Samedi 3 octobre 2020, lors d’une action de militants écologistes sur le Tarmac de l’aéroport Roissy-Charles de Gaulle, aux alentours de 9h30 la gendarmerie a procédé à l’interpellation d’une dizaine de journalistes. Dans l’attente des consignes du procureur, ils ont été dans un premier temps, regroupés ensemble, indépendamment des militants.

Puis le groupe des journalistes a été scindé en deux : les journalistes possédant une carte de presse et ceux sans carte. Le premier groupe de journalistes a été libéré aux alentours de 13h30 après leur audition en tant que témoins. Ceux qui ne possédaient pas la carte ont été placés en garde à vue et regroupés avec les militants. Leur libération n’a été effective que le soir.

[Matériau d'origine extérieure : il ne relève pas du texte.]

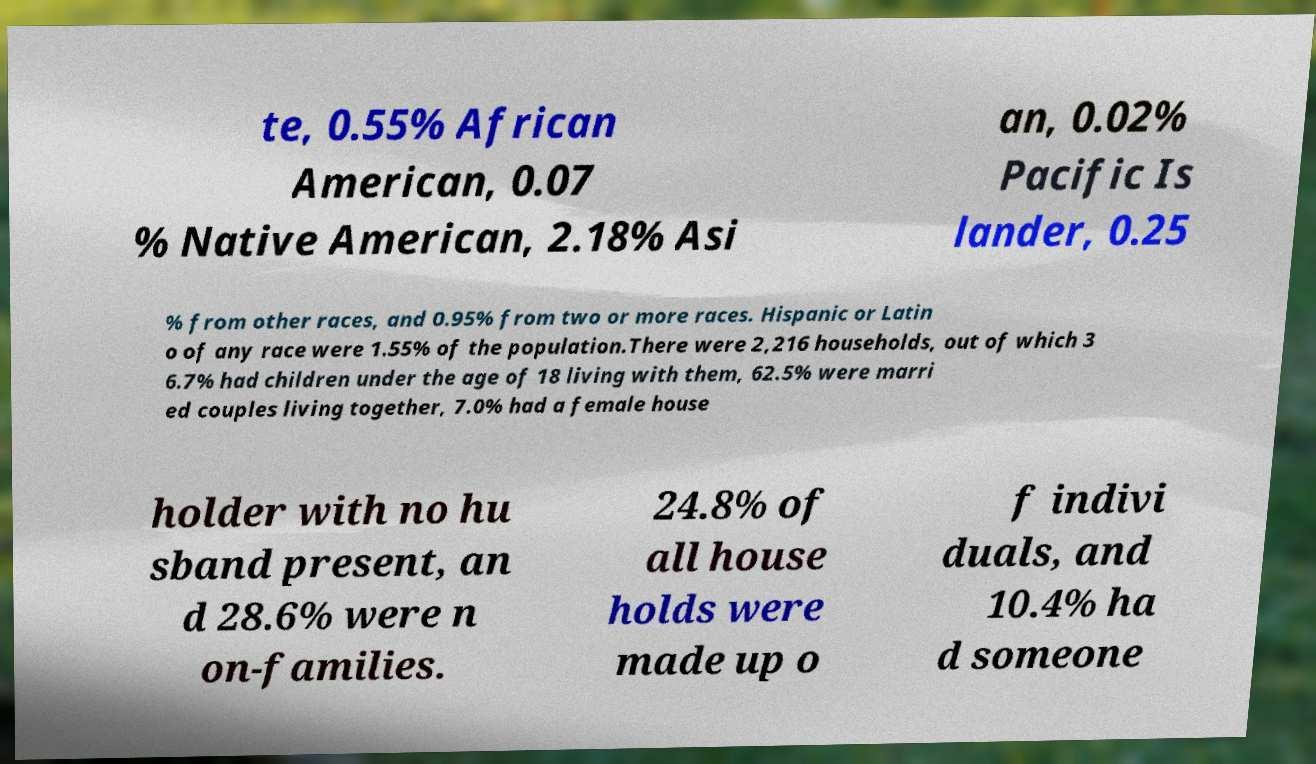I need the written content from this picture converted into text. Can you do that? te, 0.55% African American, 0.07 % Native American, 2.18% Asi an, 0.02% Pacific Is lander, 0.25 % from other races, and 0.95% from two or more races. Hispanic or Latin o of any race were 1.55% of the population.There were 2,216 households, out of which 3 6.7% had children under the age of 18 living with them, 62.5% were marri ed couples living together, 7.0% had a female house holder with no hu sband present, an d 28.6% were n on-families. 24.8% of all house holds were made up o f indivi duals, and 10.4% ha d someone 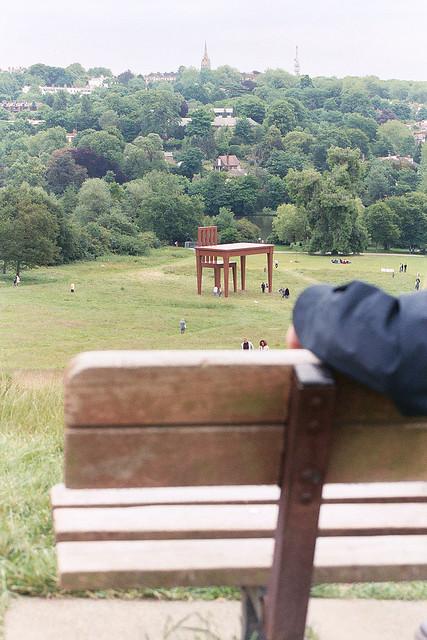Is there a church in the background?
Keep it brief. Yes. Is the brightness of the boards on the bench seat due to the sun shining overhead?
Keep it brief. Yes. What is the center of the picture?
Be succinct. Table and chair. 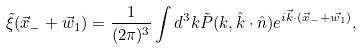<formula> <loc_0><loc_0><loc_500><loc_500>\tilde { \xi } ( \vec { x } _ { - } + \vec { w } _ { 1 } ) = \frac { 1 } { ( 2 \pi ) ^ { 3 } } \int d ^ { 3 } k \tilde { P } ( k , \hat { k } \cdot \hat { n } ) e ^ { i \vec { k } \cdot ( \vec { x } _ { - } + \vec { w _ { 1 } } ) } ,</formula> 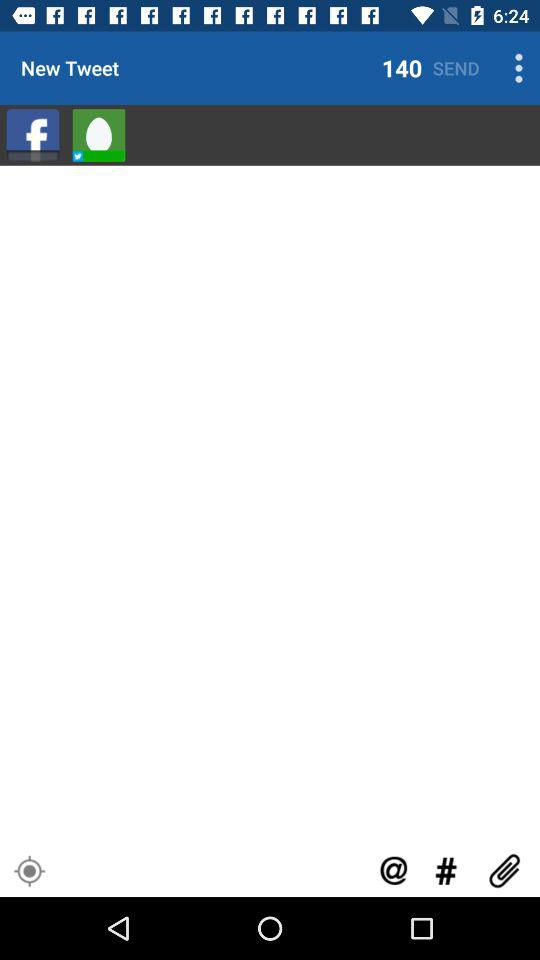How many tweets are sent?
When the provided information is insufficient, respond with <no answer>. <no answer>

Les signataires de ce communiqué réaffirment avec force qu’arrêter des journalistes qui ne font que leur métier est inadmissible, les placer en garde à vue l’est encore davantage.

Nous nous inquiétons des entraves de plus en plus récurrentes à l’encontre des journalistes. La liberté d’informer et d’être informé nécessite leur présence, avec ou sans la carte délivrée par la Commission de la Carte d’Identité des Journalistes Professionnels (CCIJP), quelles que soient les manifestations couvertes.

Nous rappelons que la carte de presse n’est en aucun cas obligatoire à l’exercice du métier de journaliste.

Le traitement différencié entre des journalistes « encartés » et non « encartés » est particulièrement alarmant.

Le ministre de l’Intérieur, Gérald Darmanin, a déclaré lors d’une interview à France Inter le 23 septembre 2020 : « Nous n’avons jamais demandé une carte de presse pour être journaliste sur une manifestation ».
Nous constatons une fois de plus que ceci n’est pas appliqué sur le terrain.

Le Nouveau Schéma national du maintien de l’ordre tel qu’il a été présenté le 17 septembre 2020 aura comme conséquence une augmentation des entraves à la liberté d’informer et d’être informé.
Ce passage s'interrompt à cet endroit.